* DIRECTIONS:
Please transcribe the records precisely; pictures stay out of your copy.
══ MATERIAL SUPPLIED ══
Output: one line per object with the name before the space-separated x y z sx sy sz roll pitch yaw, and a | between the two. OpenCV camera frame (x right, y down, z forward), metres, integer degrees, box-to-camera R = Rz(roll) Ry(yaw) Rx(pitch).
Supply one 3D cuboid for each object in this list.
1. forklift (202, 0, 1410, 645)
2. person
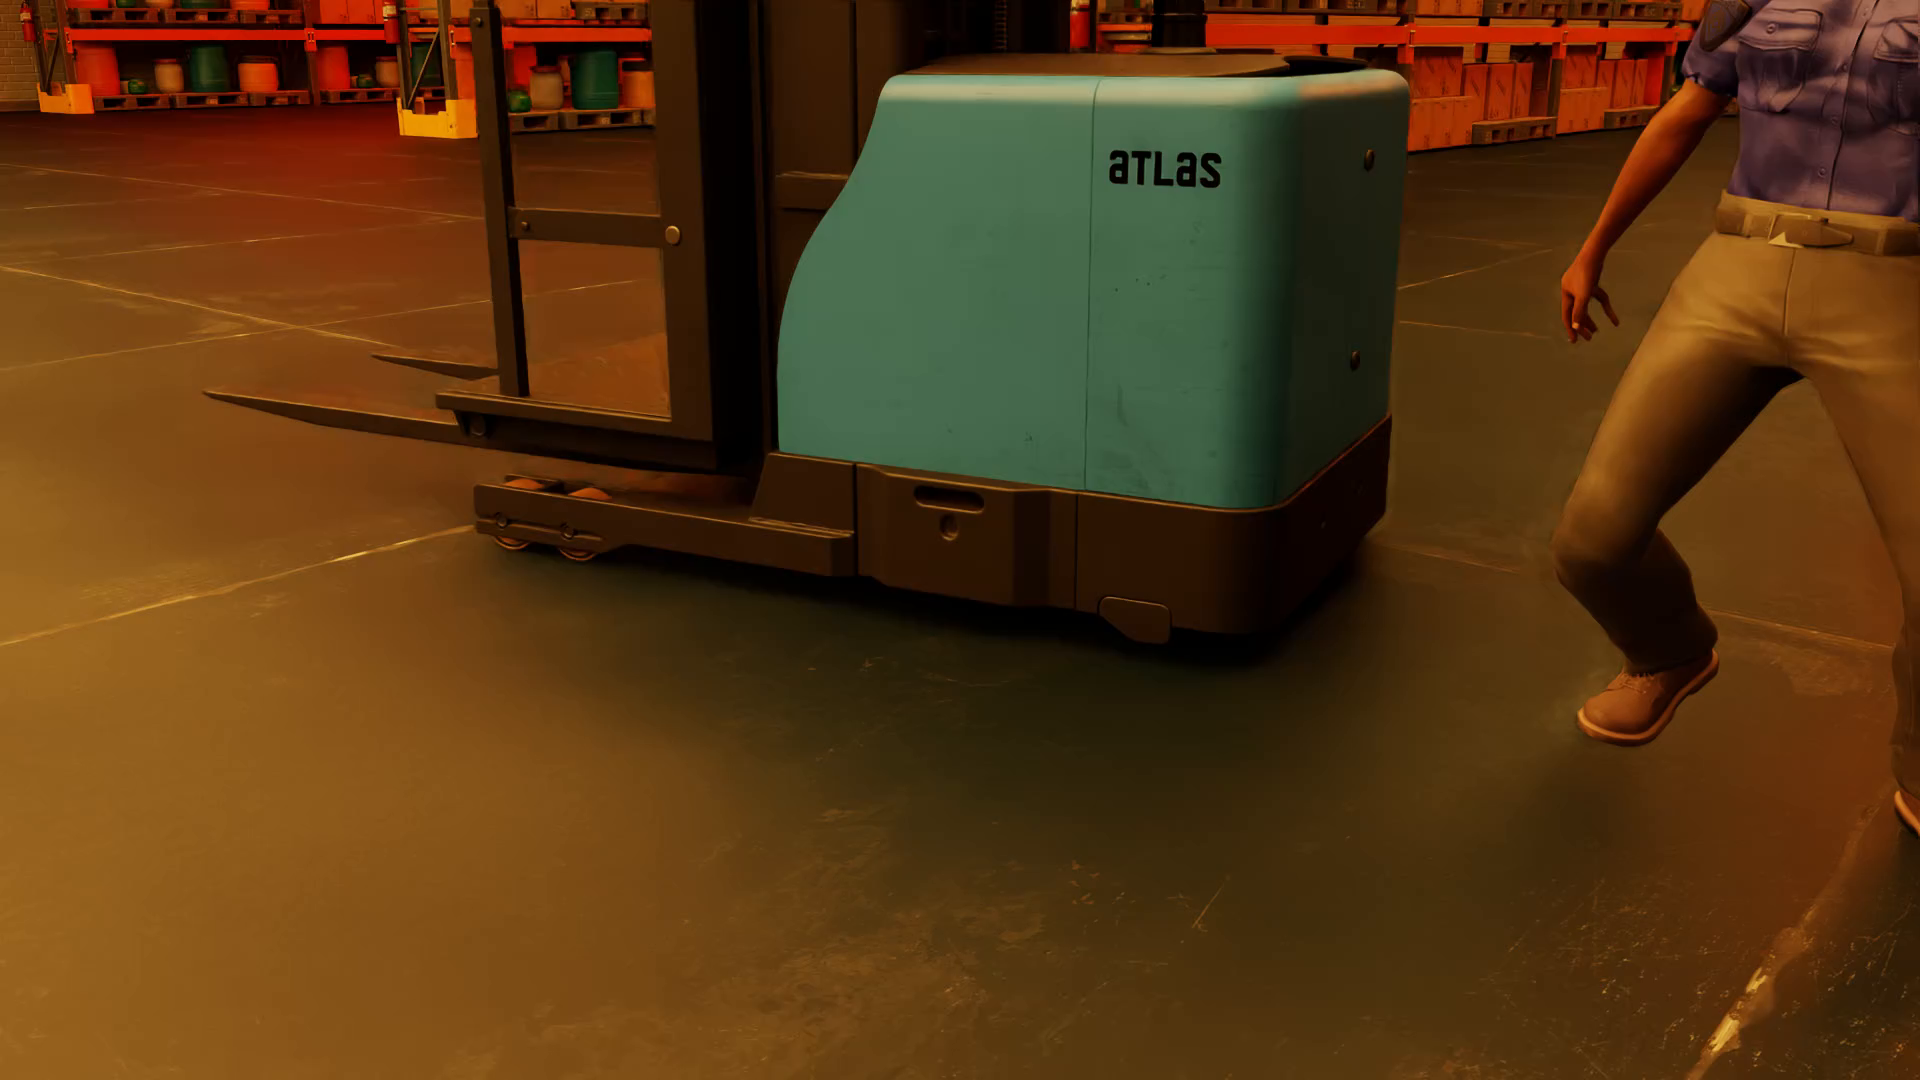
forklift | -0.553 -1.480 3.771 3.031 2.935 1.130 8 19 26
person | 1.209 -0.329 2.353 0.473 1.576 0.814 -15 23 -41
═══
* RESULT OF THE TASK:
Output: one line per object with the name before the space-separated x y z sx sy sz roll pitch yaw, and a | between the two. OpenCV camera frame (x right, y down, z forward), metres, integer degrees, box-to-camera R = Rz(roll) Ry(yaw) Rx(pitch).
Supply one 3D cuboid for each object in this list.
1. forklift (202, 0, 1410, 645)
2. person
forklift | -0.553 -1.480 3.771 3.031 2.935 1.130 8 19 26
person | 1.209 -0.329 2.353 0.473 1.576 0.814 -15 23 -41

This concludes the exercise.